Where in the data does the word "context" appear? Find those lines and copy them.

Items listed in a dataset
⟨
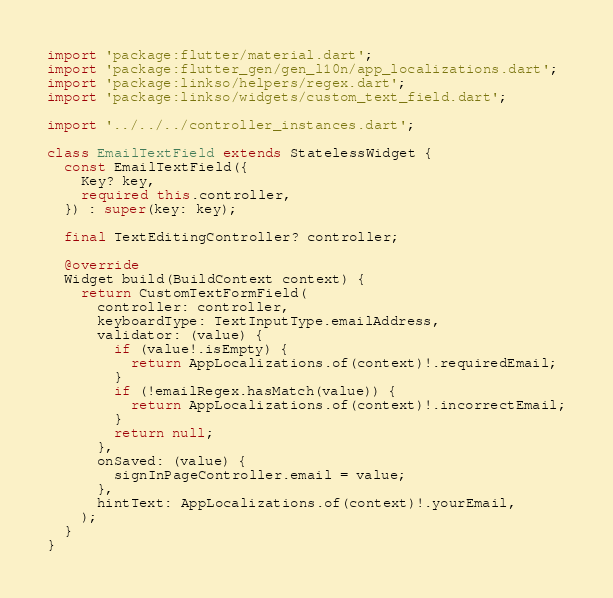Convert code to text. <code><loc_0><loc_0><loc_500><loc_500><_Dart_>import 'package:flutter/material.dart';
import 'package:flutter_gen/gen_l10n/app_localizations.dart';
import 'package:linkso/helpers/regex.dart';
import 'package:linkso/widgets/custom_text_field.dart';

import '../../../controller_instances.dart';

class EmailTextField extends StatelessWidget {
  const EmailTextField({
    Key? key,
    required this.controller,
  }) : super(key: key);

  final TextEditingController? controller;

  @override
  Widget build(BuildContext context) {
    return CustomTextFormField(
      controller: controller,
      keyboardType: TextInputType.emailAddress,
      validator: (value) {
        if (value!.isEmpty) {
          return AppLocalizations.of(context)!.requiredEmail;
        }
        if (!emailRegex.hasMatch(value)) {
          return AppLocalizations.of(context)!.incorrectEmail;
        }
        return null;
      },
      onSaved: (value) {
        signInPageController.email = value;
      },
      hintText: AppLocalizations.of(context)!.yourEmail,
    );
  }
}
</code>
⟩
RESPONSE BELOW
  Widget build(BuildContext context) {
          return AppLocalizations.of(context)!.requiredEmail;
          return AppLocalizations.of(context)!.incorrectEmail;
      hintText: AppLocalizations.of(context)!.yourEmail,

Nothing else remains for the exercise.